■ AIM OF THE TASK ■
Copy the records below exactly. Include all of them.

[Records from a data source]
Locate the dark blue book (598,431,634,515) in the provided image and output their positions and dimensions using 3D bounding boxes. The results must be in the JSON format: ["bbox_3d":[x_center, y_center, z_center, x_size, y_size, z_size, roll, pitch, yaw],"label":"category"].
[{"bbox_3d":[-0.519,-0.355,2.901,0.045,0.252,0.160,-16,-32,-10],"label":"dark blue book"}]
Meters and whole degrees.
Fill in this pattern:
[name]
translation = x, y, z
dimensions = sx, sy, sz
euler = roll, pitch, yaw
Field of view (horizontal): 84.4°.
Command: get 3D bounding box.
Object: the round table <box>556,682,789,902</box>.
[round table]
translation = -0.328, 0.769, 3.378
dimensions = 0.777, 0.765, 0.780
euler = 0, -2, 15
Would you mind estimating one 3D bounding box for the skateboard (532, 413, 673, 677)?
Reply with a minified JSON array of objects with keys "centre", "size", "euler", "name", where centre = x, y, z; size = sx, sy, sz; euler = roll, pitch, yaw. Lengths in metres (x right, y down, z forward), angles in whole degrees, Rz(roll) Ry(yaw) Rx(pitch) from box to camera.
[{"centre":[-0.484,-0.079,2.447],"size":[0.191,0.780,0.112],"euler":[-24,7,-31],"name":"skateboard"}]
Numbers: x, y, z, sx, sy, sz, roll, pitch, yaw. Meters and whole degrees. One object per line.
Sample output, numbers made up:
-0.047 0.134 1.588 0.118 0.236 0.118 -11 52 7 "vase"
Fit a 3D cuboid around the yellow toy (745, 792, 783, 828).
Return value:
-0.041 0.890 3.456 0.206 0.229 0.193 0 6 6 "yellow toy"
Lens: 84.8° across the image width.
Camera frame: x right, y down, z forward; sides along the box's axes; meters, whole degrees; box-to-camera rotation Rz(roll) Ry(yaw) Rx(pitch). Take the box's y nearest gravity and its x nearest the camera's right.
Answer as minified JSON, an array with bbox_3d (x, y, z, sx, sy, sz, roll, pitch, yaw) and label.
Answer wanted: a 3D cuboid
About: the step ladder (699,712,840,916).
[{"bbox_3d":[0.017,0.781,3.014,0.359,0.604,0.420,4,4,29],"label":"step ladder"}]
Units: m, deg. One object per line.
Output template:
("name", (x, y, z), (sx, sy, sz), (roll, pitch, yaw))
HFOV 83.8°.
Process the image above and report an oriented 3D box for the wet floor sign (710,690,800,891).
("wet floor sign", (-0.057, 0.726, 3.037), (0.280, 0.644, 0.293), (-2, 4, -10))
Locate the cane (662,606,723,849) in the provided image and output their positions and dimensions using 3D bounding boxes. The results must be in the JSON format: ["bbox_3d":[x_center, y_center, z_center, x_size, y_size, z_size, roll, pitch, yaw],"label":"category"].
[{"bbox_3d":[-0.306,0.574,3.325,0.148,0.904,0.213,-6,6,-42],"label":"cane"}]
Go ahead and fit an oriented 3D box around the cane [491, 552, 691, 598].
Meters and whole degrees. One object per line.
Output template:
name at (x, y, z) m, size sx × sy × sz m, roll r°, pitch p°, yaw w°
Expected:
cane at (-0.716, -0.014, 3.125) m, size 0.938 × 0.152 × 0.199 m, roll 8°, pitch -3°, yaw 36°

■ SOLUTION BELOW ■
Locate the dark blue book (598,431,634,515) in the provided image and output their positions and dimensions using 3D bounding boxes. The results must be in the JSON format: ["bbox_3d":[x_center, y_center, z_center, x_size, y_size, z_size, roll, pitch, yaw],"label":"category"].
[{"bbox_3d":[-0.519,-0.355,2.901,0.045,0.252,0.160,-16,-32,-10],"label":"dark blue book"}]
Meters and whole degrees.
Fill in this pattern:
[name]
translation = x, y, z
dimensions = sx, sy, sz
euler = roll, pitch, yaw
Field of view (horizontal): 84.4°.
Command: get 3D bounding box.
Object: the round table <box>556,682,789,902</box>.
[round table]
translation = -0.328, 0.769, 3.378
dimensions = 0.777, 0.765, 0.780
euler = 0, -2, 15
Would you mind estimating one 3D bounding box for the skateboard (532, 413, 673, 677)?
Reply with a minified JSON array of objects with keys "centre", "size", "euler", "name", where centre = x, y, z; size = sx, sy, sz; euler = roll, pitch, yaw. Lengths in metres (x right, y down, z forward), angles in whole degrees, Rz(roll) Ry(yaw) Rx(pitch) from box to camera.
[{"centre":[-0.484,-0.079,2.447],"size":[0.191,0.780,0.112],"euler":[-24,7,-31],"name":"skateboard"}]
Numbers: x, y, z, sx, sy, sz, roll, pitch, yaw. Meters and whole degrees. One object per line.
Sample output, numbers made up:
-0.047 0.134 1.588 0.118 0.236 0.118 -11 52 7 "vase"
Fit a 3D cuboid around the yellow toy (745, 792, 783, 828).
Return value:
-0.041 0.890 3.456 0.206 0.229 0.193 0 6 6 "yellow toy"
Lens: 84.8° across the image width.
Camera frame: x right, y down, z forward; sides along the box's axes; meters, whole degrees; box-to-camera rotation Rz(roll) Ry(yaw) Rx(pitch). Take the box's y nearest gravity and its x nearest the camera's right.
Answer as minified JSON, an array with bbox_3d (x, y, z, sx, sy, sz, roll, pitch, yaw) and label.
Answer wanted: a 3D cuboid
About: the step ladder (699,712,840,916).
[{"bbox_3d":[0.017,0.781,3.014,0.359,0.604,0.420,4,4,29],"label":"step ladder"}]
Units: m, deg. One object per line.
Output template:
("name", (x, y, z), (sx, sy, sz), (roll, pitch, yaw))
HFOV 83.8°.
Process the image above and report an oriented 3D box for the wet floor sign (710,690,800,891).
("wet floor sign", (-0.057, 0.726, 3.037), (0.280, 0.644, 0.293), (-2, 4, -10))
Locate the cane (662,606,723,849) in the provided image and output their positions and dimensions using 3D bounding boxes. The results must be in the JSON format: ["bbox_3d":[x_center, y_center, z_center, x_size, y_size, z_size, roll, pitch, yaw],"label":"category"].
[{"bbox_3d":[-0.306,0.574,3.325,0.148,0.904,0.213,-6,6,-42],"label":"cane"}]
Go ahead and fit an oriented 3D box around the cane [491, 552, 691, 598].
Meters and whole degrees. One object per line.
Output template:
name at (x, y, z) m, size sx × sy × sz m, roll r°, pitch p°, yaw w°
Expected:
cane at (-0.716, -0.014, 3.125) m, size 0.938 × 0.152 × 0.199 m, roll 8°, pitch -3°, yaw 36°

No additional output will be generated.